PAS has had a roller coaster ride since it was founded in 1997. In 2002 the 11 pilot schemes were was within three weeks of being wound down before news of the lottery grant came through which enabled a national scheme to be established. In 2008 our then parent body, the Museums, Libraries and Archives Council responded to a cut in its funding by seeking close it down, with the result that we had to launch a public campaign to support it – here is some of the reporting …

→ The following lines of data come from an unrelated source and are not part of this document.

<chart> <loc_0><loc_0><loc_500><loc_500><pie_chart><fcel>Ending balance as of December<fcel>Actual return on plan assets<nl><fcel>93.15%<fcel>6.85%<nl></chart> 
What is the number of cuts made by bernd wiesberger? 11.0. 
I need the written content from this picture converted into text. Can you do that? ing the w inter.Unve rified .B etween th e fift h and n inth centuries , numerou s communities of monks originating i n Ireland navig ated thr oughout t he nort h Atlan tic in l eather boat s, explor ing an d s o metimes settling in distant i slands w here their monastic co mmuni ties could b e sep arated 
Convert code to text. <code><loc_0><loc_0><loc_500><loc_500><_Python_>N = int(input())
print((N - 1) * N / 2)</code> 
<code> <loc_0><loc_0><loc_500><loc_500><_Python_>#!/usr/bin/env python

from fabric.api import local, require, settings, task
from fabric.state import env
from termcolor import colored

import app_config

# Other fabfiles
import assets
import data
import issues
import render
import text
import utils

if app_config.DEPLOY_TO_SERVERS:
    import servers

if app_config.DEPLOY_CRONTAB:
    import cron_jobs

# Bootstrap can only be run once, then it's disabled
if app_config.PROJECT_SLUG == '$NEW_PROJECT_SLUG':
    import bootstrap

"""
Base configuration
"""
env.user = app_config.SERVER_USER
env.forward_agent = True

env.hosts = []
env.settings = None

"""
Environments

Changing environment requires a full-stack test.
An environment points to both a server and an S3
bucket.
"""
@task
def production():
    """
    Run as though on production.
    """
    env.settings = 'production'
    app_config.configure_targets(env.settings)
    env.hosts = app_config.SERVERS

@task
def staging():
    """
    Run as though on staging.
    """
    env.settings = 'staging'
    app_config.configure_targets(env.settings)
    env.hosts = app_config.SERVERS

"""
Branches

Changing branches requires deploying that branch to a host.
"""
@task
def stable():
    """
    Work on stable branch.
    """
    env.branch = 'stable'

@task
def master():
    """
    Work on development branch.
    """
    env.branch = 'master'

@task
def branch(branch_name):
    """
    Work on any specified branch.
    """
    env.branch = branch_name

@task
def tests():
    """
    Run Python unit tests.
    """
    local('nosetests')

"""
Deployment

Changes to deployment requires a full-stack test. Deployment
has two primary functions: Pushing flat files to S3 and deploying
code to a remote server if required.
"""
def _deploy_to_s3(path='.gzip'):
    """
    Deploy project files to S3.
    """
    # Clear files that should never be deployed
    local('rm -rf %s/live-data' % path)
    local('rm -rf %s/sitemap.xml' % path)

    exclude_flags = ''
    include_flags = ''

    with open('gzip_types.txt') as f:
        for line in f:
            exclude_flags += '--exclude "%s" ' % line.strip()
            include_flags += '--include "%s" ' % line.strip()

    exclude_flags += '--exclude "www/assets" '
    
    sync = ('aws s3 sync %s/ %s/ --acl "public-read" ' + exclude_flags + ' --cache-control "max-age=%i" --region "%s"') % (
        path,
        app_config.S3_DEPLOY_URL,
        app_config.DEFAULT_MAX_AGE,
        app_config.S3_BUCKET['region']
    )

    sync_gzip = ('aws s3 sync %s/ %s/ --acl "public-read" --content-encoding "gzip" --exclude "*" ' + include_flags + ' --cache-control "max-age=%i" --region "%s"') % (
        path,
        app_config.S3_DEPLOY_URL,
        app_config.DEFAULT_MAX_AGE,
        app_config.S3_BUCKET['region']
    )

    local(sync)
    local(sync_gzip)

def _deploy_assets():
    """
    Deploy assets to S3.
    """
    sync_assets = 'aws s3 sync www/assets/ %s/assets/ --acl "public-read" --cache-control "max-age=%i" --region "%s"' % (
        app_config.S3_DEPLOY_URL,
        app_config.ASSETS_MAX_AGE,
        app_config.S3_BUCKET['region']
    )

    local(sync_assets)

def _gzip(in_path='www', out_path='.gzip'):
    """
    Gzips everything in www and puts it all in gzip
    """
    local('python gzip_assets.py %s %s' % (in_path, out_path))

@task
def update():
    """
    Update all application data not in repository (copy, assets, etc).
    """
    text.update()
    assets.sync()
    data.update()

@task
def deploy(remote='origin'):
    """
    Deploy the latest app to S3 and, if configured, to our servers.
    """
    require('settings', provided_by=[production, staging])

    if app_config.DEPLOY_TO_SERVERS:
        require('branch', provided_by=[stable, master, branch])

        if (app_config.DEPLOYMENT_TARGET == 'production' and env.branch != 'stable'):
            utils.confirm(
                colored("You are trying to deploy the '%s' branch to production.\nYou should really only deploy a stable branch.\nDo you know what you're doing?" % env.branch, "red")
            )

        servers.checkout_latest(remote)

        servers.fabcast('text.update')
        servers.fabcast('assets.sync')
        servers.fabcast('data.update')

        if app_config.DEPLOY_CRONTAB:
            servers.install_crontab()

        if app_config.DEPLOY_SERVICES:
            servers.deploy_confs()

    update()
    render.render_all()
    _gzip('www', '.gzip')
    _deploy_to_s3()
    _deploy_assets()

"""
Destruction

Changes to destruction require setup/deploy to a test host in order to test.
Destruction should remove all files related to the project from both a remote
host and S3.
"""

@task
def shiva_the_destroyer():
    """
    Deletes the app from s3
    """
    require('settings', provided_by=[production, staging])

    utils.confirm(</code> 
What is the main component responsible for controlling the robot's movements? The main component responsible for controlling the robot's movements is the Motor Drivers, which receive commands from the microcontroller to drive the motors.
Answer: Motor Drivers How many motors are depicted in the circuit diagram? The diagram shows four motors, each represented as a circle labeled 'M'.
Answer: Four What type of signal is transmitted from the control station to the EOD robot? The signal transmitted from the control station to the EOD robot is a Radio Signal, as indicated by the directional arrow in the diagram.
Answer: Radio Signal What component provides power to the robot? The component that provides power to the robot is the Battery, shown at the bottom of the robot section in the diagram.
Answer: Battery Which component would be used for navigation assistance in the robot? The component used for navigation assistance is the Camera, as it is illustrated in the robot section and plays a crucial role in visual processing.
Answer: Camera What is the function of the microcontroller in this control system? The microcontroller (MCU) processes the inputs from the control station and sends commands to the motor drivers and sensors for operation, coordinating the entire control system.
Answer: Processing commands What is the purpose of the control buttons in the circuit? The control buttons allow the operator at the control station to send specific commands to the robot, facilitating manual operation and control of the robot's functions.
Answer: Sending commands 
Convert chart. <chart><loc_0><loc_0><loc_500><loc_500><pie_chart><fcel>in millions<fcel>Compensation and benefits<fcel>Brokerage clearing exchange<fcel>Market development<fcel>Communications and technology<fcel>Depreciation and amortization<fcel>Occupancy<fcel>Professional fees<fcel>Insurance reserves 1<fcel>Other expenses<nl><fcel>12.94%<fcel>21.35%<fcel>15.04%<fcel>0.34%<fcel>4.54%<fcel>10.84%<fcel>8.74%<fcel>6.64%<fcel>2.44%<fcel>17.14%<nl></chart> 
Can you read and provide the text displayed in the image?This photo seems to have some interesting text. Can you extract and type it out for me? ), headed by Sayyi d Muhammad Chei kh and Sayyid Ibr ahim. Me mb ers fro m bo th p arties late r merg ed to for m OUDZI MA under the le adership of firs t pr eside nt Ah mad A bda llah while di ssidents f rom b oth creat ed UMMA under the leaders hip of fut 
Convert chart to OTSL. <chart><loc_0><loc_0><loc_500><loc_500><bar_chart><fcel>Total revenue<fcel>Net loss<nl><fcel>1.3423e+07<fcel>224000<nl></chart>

Slide 17 PAS saved! (2008)

And that achieved a successful result. In 2011 the Scheme was transferred to the BM which I hoped would provide stability, although we had to transfer responsibility for funding the Scheme in Wales to the Welsh Assembly Government and I am delighted that they have picked it up. Unfortunately, we have not been immune from the cuts that the Museum has had in its Government grant and have just suffered a 6% cut. It was only possible to confirm all the contracts for the 42 posts with the partner organisations which employ them last week and we expect the BM’s Government grant to continue to decline. This will create real challenge to ensure the continuation of the Scheme as a national programme in the future – although the demand for it continues to grow. Thank you very much.